Les débats controversés sur la mort des 15 soldats dans l'incendie de leur logement n'en fini pas de déstabiliser la majorité au pouvoir.
De façon exceptionnelle nous avons pu être témoins d'un abus de pouvoir anti constitutionnel.
À l'occasion d'un Conseil des ministres public, le Premier ministre s'est senti forcé de demander au Procureur général de la République de détailler les éléments de l'enquête en cours sur l'incendie du 19 janvier. Ceci afin de faire taire les oppositions à la version officielle.
Le lecteur s'étonnera sur la publication des détails d'une enquête en cours. Cela est un premier point.
La conséquence de cela c'est la justification publique de la version officielle qui entraîne de facto une condamnation publique de personnes qui n'ont au jour d'aujourd'hui que le statut de témoins.
Ces révélations renforcent encore le malaise concernant le limogeage préventif de plusieurs officiers et commandants de la deuxième armée que l'enquête ne permet en rien d'accuser à ce jour.
En soi, ces limogeages massifs (dont le commandant de la deuxième armée) posent la question naturelle de la responsabilité du ministre de la défense. A moins que ces limogeages n'aient justement eu pour objectif de faire sauter les fusibles pour protéger le ministre de la Défense et le Premier ministre de la colère populaire: "voyez, cher populasse, nous condamnons les coupables".
Mais en fait, cette petite intervention du Procureur général de la République en Conseil des ministres est une infraction gravissime à l'ordre constitutionnel !
Le Procureur général de la République est un officiel indépendant non affilié au gouvernement et au Premier ministre. Il est élu par l'Assemblée nationale et géré ses enquêtes indépendamment du gouvernement qu'il n'a pas le droit d'informer sur les enquêtes en cours.
Imaginons demain, voire même aujourd'hui que cette enquête ou une autre implique le Premier ministre ou le ministre de la justice. Comment peut-on imaginer le Procureur de la République informer les accusés de l'avancée de son enquête ?
La pression populaire contre la version officielle est telle que cet état de fait qui gangrène le pouvoir en Arménie depuis 30 ans est apparu au grand jour.
De manière moins évidente mais tout aussi effective, la justice aussi fonctionne sur commande et permet au pouvoir politique de contrôler les contre-pouvoirs.

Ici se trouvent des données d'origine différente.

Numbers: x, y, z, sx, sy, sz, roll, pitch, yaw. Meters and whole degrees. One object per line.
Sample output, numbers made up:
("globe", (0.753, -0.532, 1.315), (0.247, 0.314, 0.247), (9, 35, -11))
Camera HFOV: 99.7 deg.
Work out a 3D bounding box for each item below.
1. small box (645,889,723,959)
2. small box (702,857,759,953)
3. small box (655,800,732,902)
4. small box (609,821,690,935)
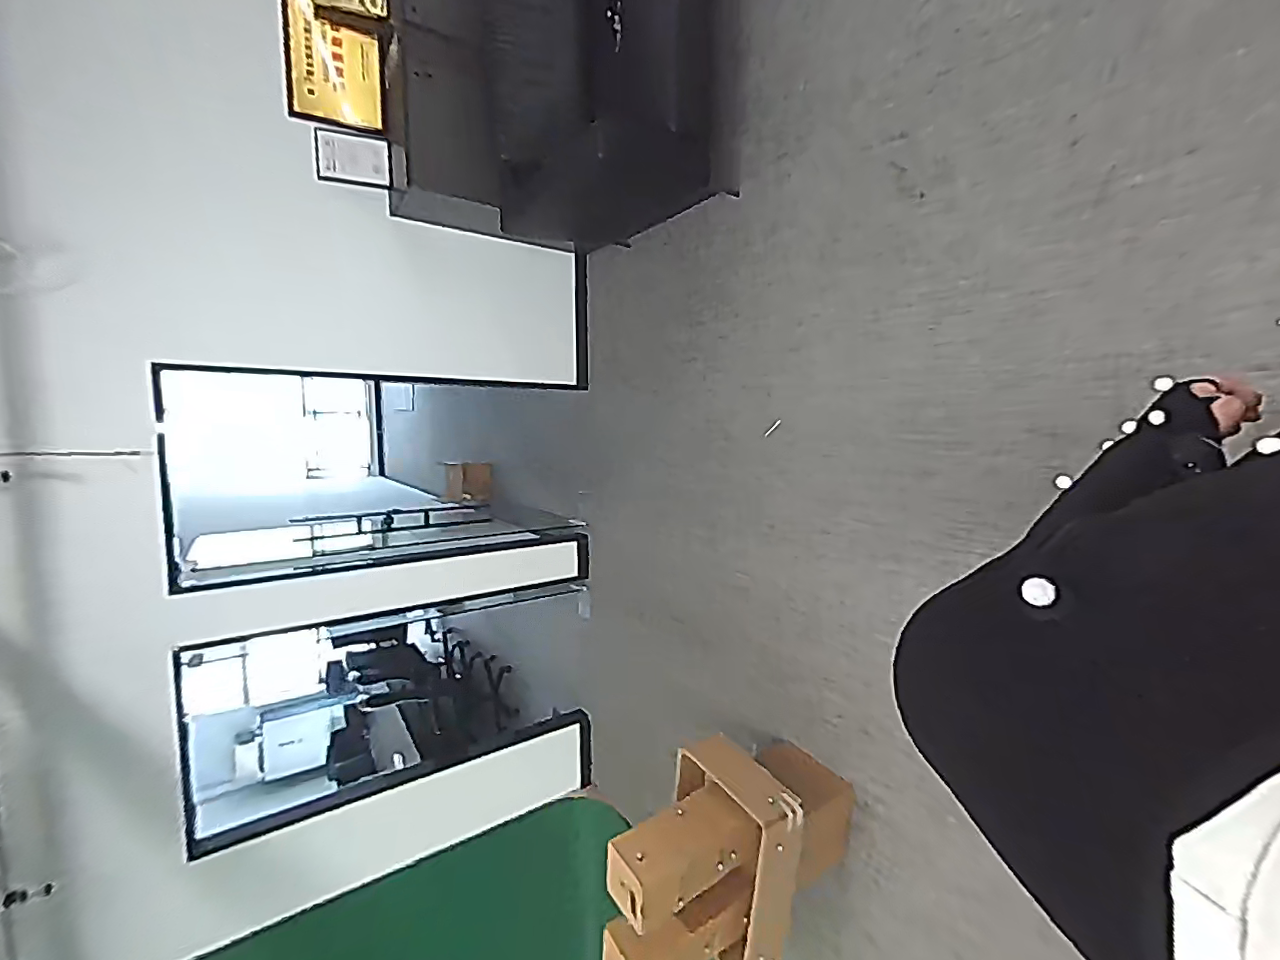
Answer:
("small box", (0.139, 1.415, 1.722), (0.179, 0.176, 0.168), (20, 109, 51))
("small box", (0.272, 1.405, 1.812), (0.179, 0.176, 0.168), (20, 110, 52))
("small box", (0.158, 1.125, 1.663), (0.179, 0.176, 0.168), (16, 107, 52))
("small box", (0.028, 1.137, 1.563), (0.179, 0.176, 0.168), (16, 107, 53))
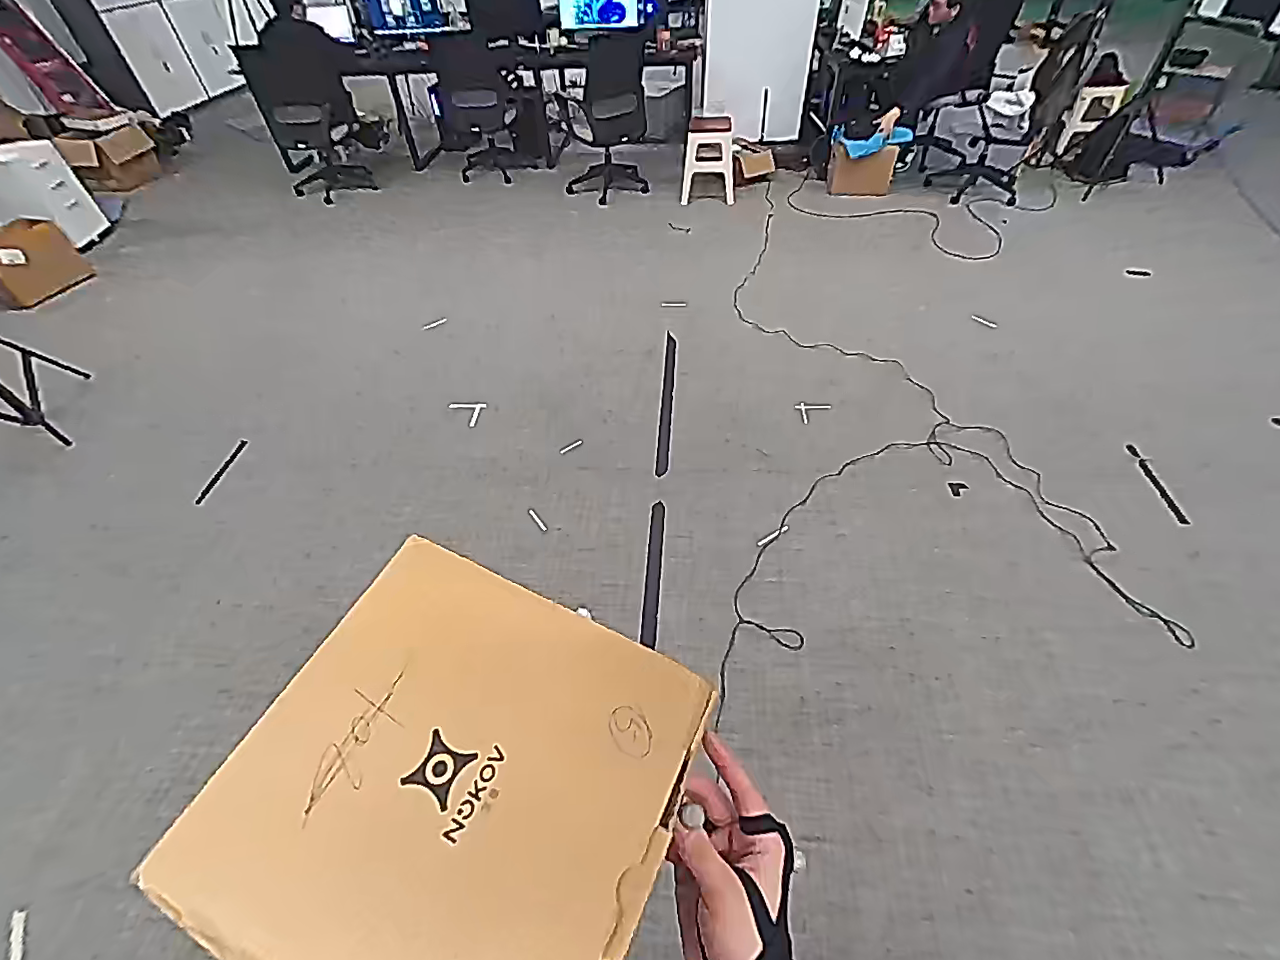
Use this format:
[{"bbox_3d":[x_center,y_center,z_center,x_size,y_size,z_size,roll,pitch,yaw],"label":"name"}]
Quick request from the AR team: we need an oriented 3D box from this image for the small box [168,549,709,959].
[{"bbox_3d":[-0.077,0.172,0.301,0.179,0.176,0.168,21,58,16],"label":"small box"}]
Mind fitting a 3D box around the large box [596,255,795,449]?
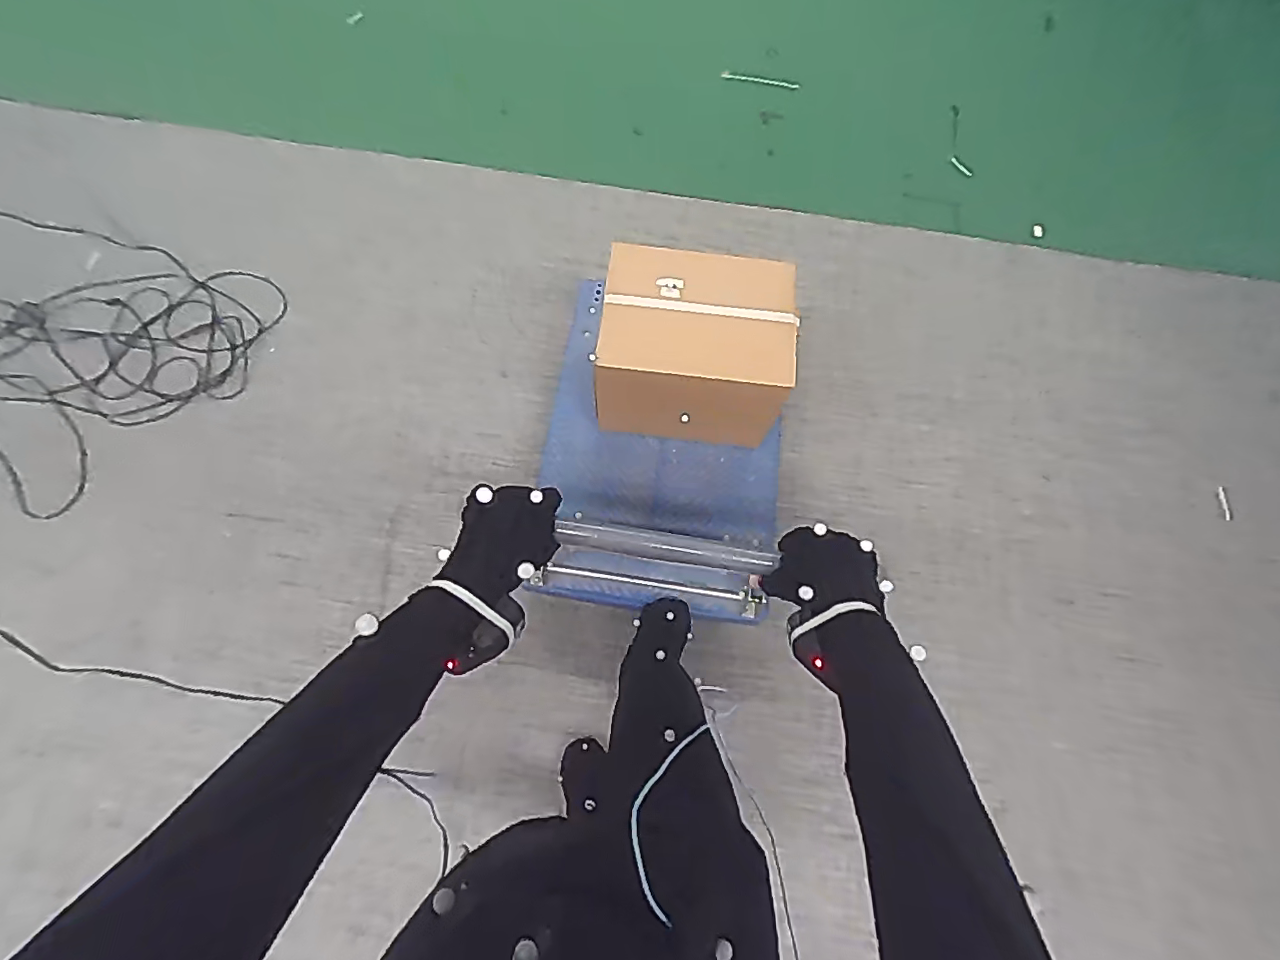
[{"bbox_3d":[0.121,-0.280,1.261,0.408,0.320,0.320,6,69,1],"label":"large box"}]
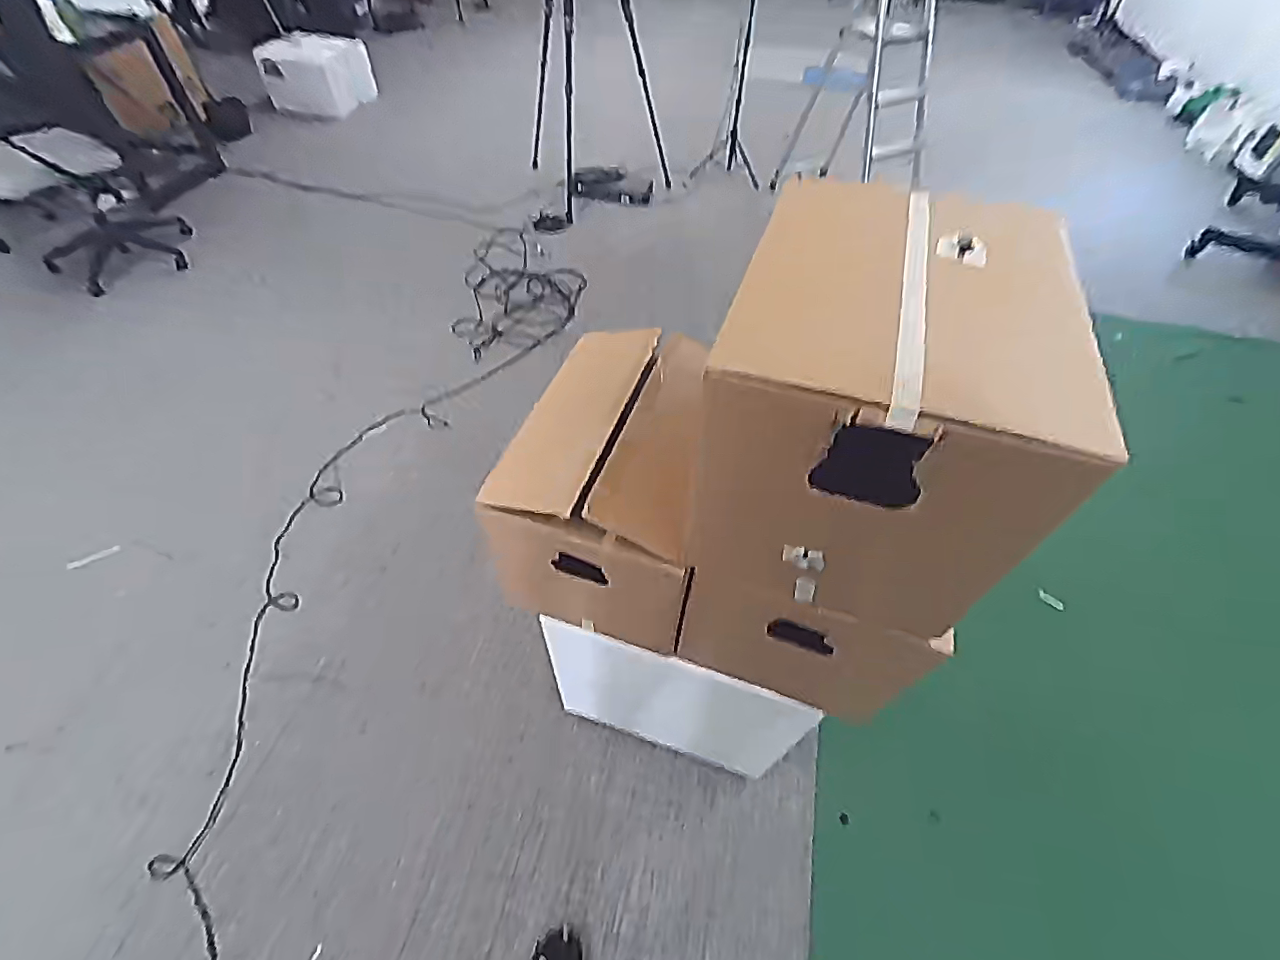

La police de manière plus directe encore réalise des commandes politiques. Et cela est valable dans tous les domaines, y compris les sociétés privées qui ont une mission de service publique. Les capitaux sont privés mais leurs actions sont politisées dès que nécessaire.
Tout ceci expliquant cela, on comprend mieux comment des enquêtes n'aboutissent tout simplement jamais ou ne permettent tout au moins à condamner les vrais coupables.
Cette intervention innocente permet de jeter tout naturellement le doute sur tout le système politique et administratif.
Il n'y a pas d'élections libres en Arménie car le parti élu vampirise tous les leviers. En cela la révolution de Pashinyan n'a en rien modifié les us et coutumes de l'Arménie.
En 2018, il n'y a pas eu de révolution. J'ai été l'un des rares à le dénoncer dès le premier jour. Nous avons été les témoins et acteurs d'un changement autoritaire du pouvoir d'un totalitarisme vers une autre forme de totalitarisme qui, dans la forme n'a modifié en rien les fondamentaux des rouages politiques.
On est juste passé d'un pouvoir nationaliste à un pouvoir totalement inféodé à l'ennemi turc.